Le Pape François a annoncé la prochaine canonisation d'une jeune carmélite, la bienheureuse Elisabeth de la Trinité dont nous célébrons cette année le 100ème anniversaire de sa mort. Voici quelques aspects de sa spiritualité illustrant ce que Hans Urs von Balthasar disait : « En realite, le saint est un être de l'au-dela ; le fait qu'il demeure ici-bas n'a pas d'autre sens que de faire pénétrer dans le monde, comme par une fenêtre ouverte, un peu des réalites et de l'air de l'au-delà. »

Le ciel au fond de soi

Née en 1880, 20 ans dans le monde et 6 ans au Carmel de Dijon lui ont suffi pour atteindre sa pleine maturité spirituelle. La vie d'Elizabeth de la Trinité (Elizabeth Catez,  1980-1906) est marquée par la beauté de la pure intériorité, par la présence de ce Dieu « en soi », par le désir d'être « perdue » en Son Sauveur. Cet être de silence et de communion par le dedans ne peut que nous aider à voir et à mendier, en confiance, l'essentiel.

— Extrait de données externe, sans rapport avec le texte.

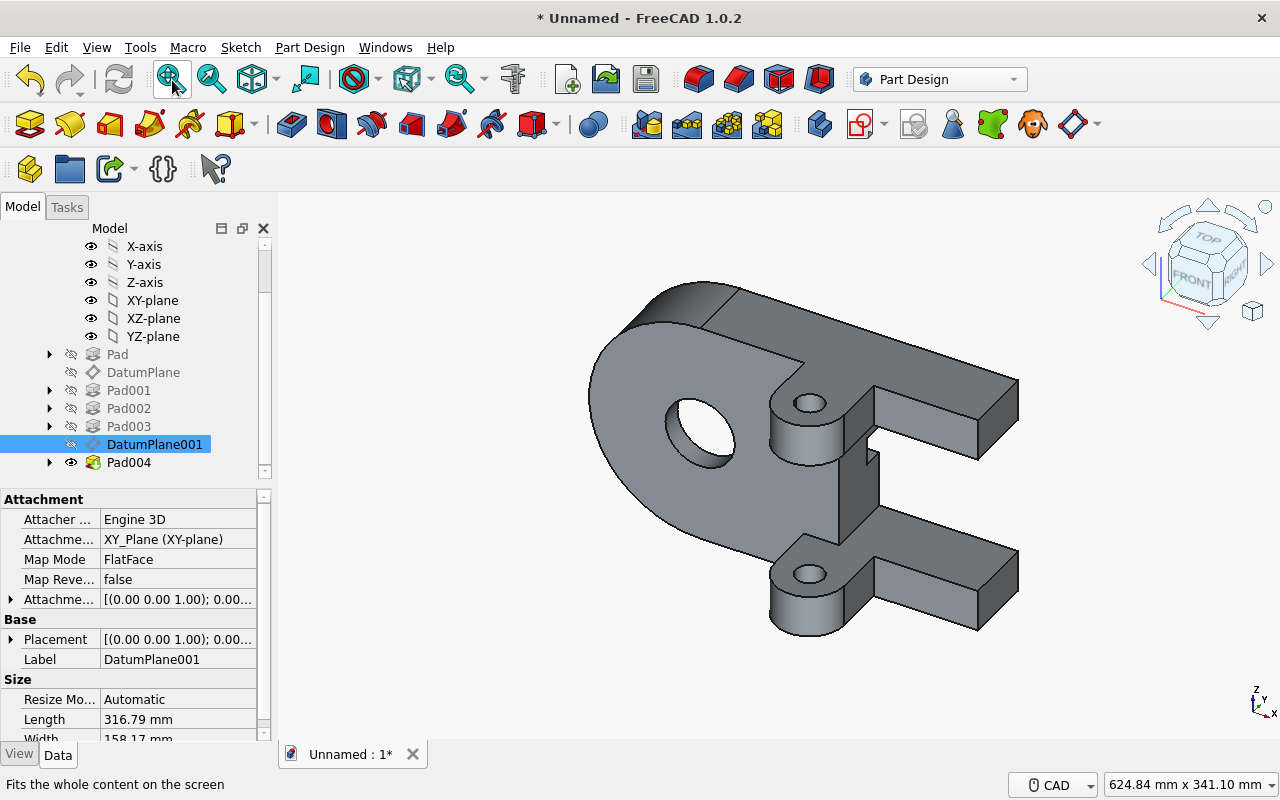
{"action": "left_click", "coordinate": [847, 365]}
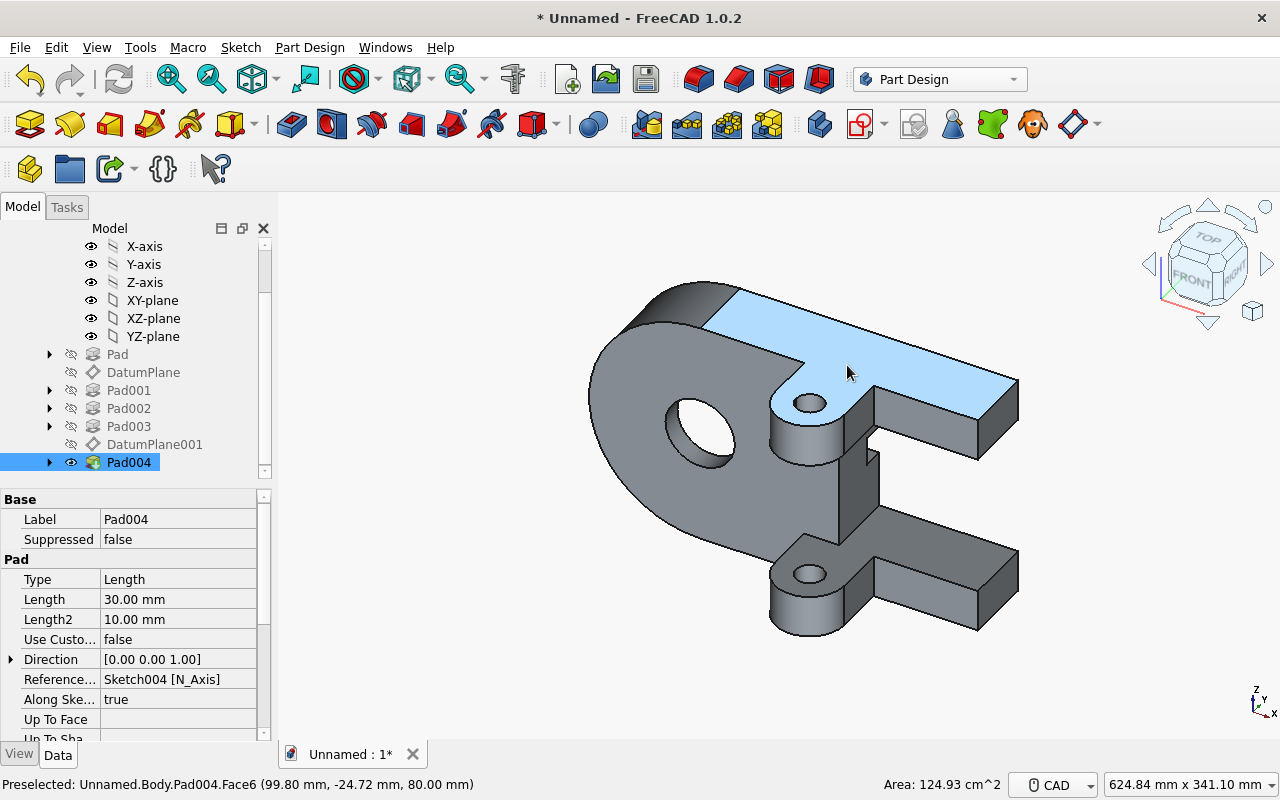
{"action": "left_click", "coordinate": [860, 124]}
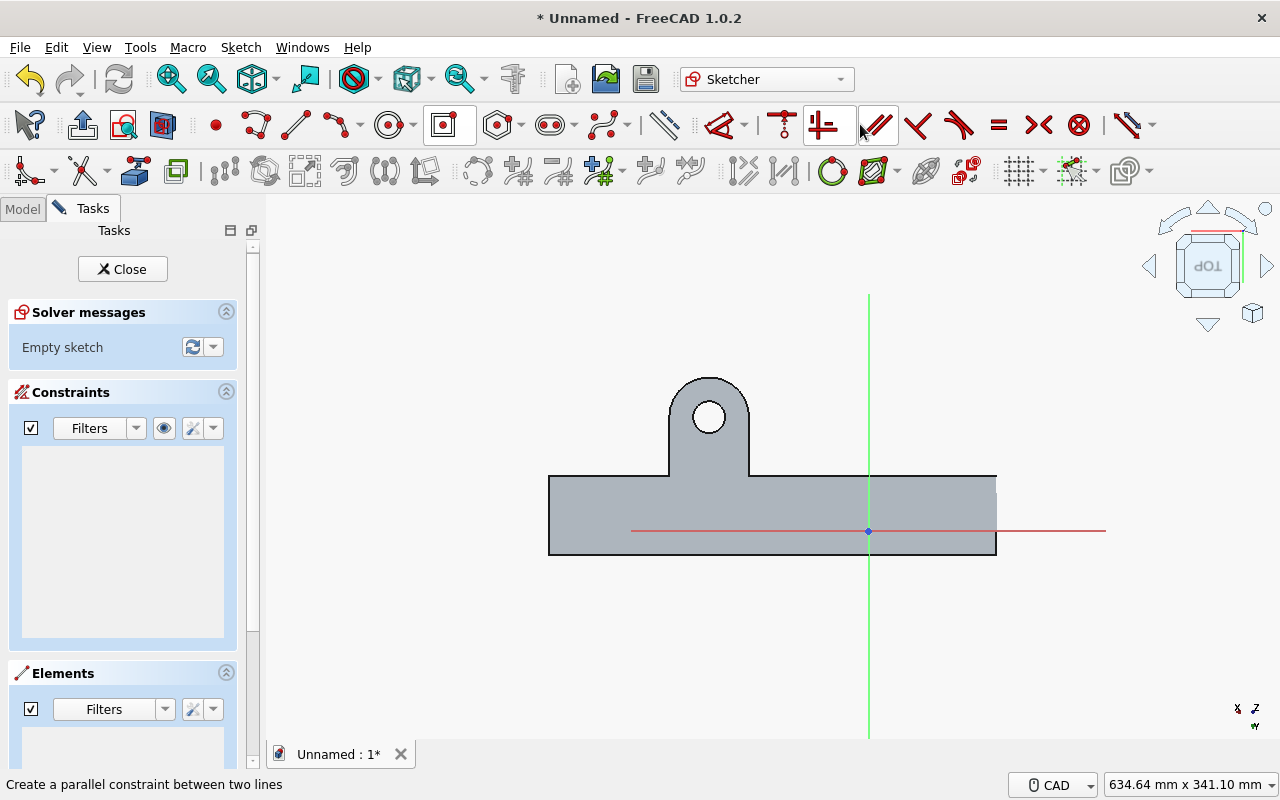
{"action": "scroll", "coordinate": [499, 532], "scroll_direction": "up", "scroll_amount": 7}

Elle disait d'elle-même, peu avant sa mort : « Il me semble qu'au Ciel, ma mission sera d'attirer les âmes en les aidant à sortir d'elles pour adhérer à Dieu par un mouvement tout simple et tout amoureux, et de les garder en ce grand silence du dedans qui permet à Dieu de s'imprimer en elles, de les transformer en Lui-même. »

Déjà à son entrée dans le Carmel en 1901, à la question « avez-vous de grands désirs du Ciel? », elle répondait: « j'en ai parfois la nostalgie, mais sauf la vision, je le possède au plus intime de mon âme ».

Très tôt au Carmel, Elisabeth fut bouleversée par la certitude qu'elle était appelée à être Laudem gloriae (la louange de sa gloire) qu'elle décrit ainsi: « Une louange de gloire c'est une âme qui demeure en Dieu. »

Le présent éternel 

Dans sa prière, Elisabeth souhaite de fixer toujours Dieu et de demeurer sous sa grande lumière. Et c'est le désir du fils qu'elle vive « comme le Père, dans un éternel présent, sans avant, sans après, mais toute entière en l'unité de mon être en ce maintenant éternel. On l'adorera toujours à cause de lui-même (PS LXXI, 15). Voilà le présent éternel dans lequel Laudem gloriae doit être fixée. »[1]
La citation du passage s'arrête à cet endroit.